Abstract
Psoriasis is a chronic, inflammatory, hyperproliferative skin disease, in which autoimmunity plays a great role. Natural killer T cells (NK T cells), are suggested to be involved in the pathogenesis of different autoimmune diseases. To examine the involvement of CD3+CD56+ NK T cells in the pathogenesis of psoriasis, we investigated the lymphocyte subpopulations obtained from blood samples of psoriatic patients before and after treatment, and of healthy controls, using two-colour flow cytometry. We found no significant differences between total T cells, total B cells, T helper cells, T cytotoxic cells and NK cells in patients with psoriasis before and after treatment and in controls. Increased percentage of memory T cells and decreased percentage of naive T cells was detected in psoriatic patients compared to controls, but these changes were not statistically significant. The CD3+CD56+ cells of psoriatic patients were significantly decreased relative to controls. The percentage of CD3+CD56+ cells increased after different antipsoriatic therapies, but remained significantly lower than those found in controls. CD3+CD56+ cells of healthy controls were capable of rapid activation, while in psoriatic patients activated NK T cells were almost absent. The decrease in the number of CD3+CD56+ cells may represent an intrinsic characteristic feature of patients with psoriasis, which is supported by the fact that after treatment NK T cells do not reach the values found in controls. In conclusion our results suggest that CD3+CD56+ NK T cells could be actively involved in the development of Th1 mediated autoimmune diseases.

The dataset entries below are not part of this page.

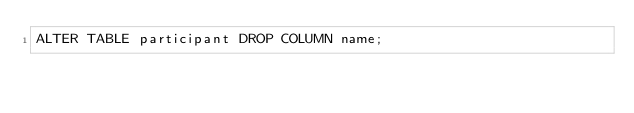Convert code to text. <code><loc_0><loc_0><loc_500><loc_500><_SQL_>ALTER TABLE participant DROP COLUMN name;</code> 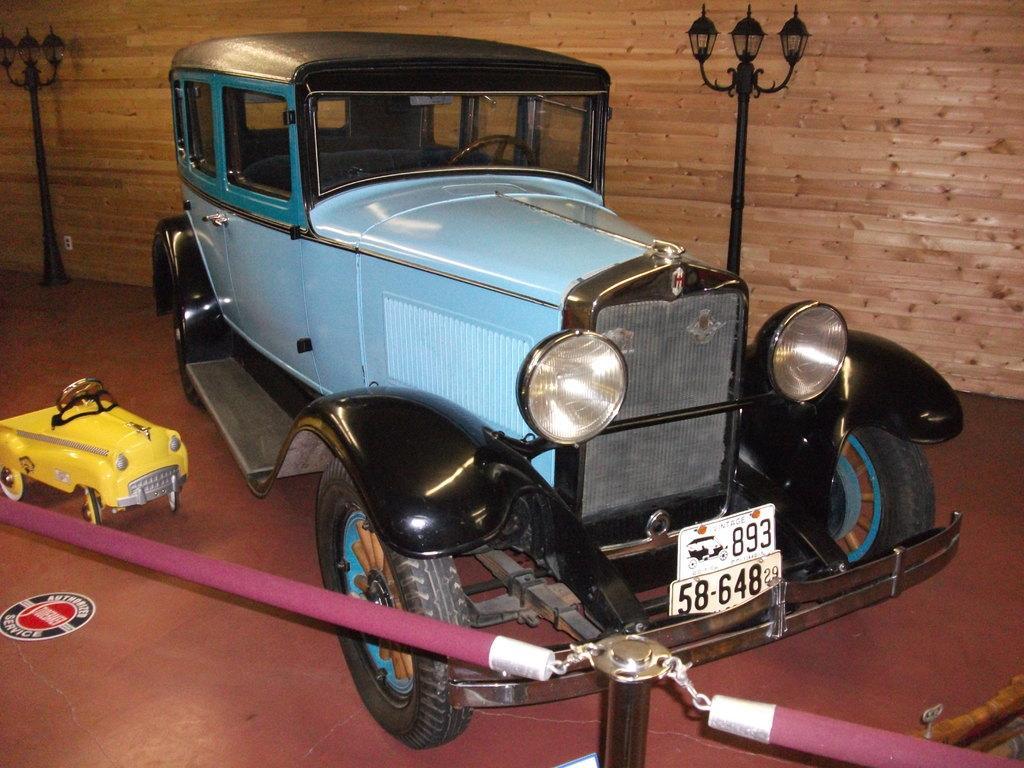Could you give a brief overview of what you see in this image? In this image there is a vehicle and a toy are on the floor. Bottom of the image there is a fence. Behind the vehicle, there is a street light. Background there is a wooden wall. Left side there is a street light on the floor. 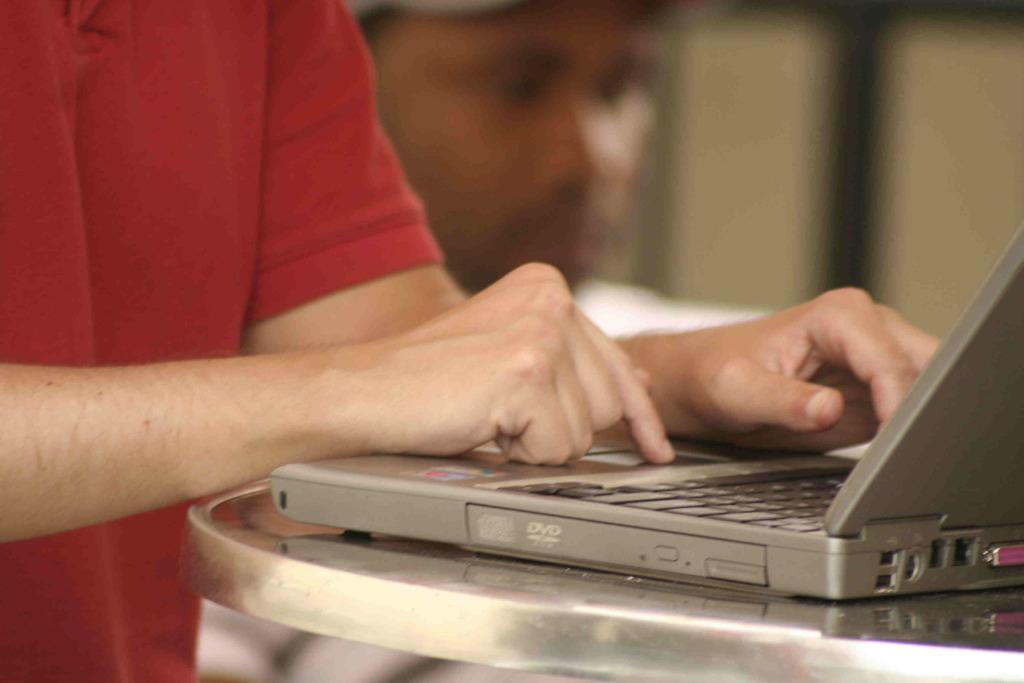<image>
Summarize the visual content of the image. a person touching a computer with the word dvd on it

Keywords: CD3+CD56+ NK T cells, autoimmunity, psoriasis
INTRODUCTION
Although the pathogenesis of psoriasis is not yet clear, there are characteristic features of the disease which suggest an immunological mediated process. Several direct and indirect evidences suggest that T cells play a crucial role in the pathogenesis of psoriasis [1–7]. The presence of T helper cells, that secrete type 1 cytokines (IFN-γ, IL-2, TNF-α), was demonstrated in psoriatic skin lesions [8–13]. A type 1 differentiation bias was also observed in circulating blood T cells of psoriatic patients [14]. The existence of an imbalance between Th1 and Th2 cells in psoriasis was supported further by findings which demonstrated that IL-10 was decreased in psoriatic lesions [15]. Moreover, during antipsoriatic therapy an increase in IL-10 mRNA expression was observed in peripheral blood mononuclear cells [16]. IL-10 therapy given either intralesionally or subcutaneously resulted in marked reduction of psoriatic lesions [16,17]. These data suggest that psoriasis is an inflammatory Th1 mediated autoimmune disorder, but the triggering autoantigens are still not identified.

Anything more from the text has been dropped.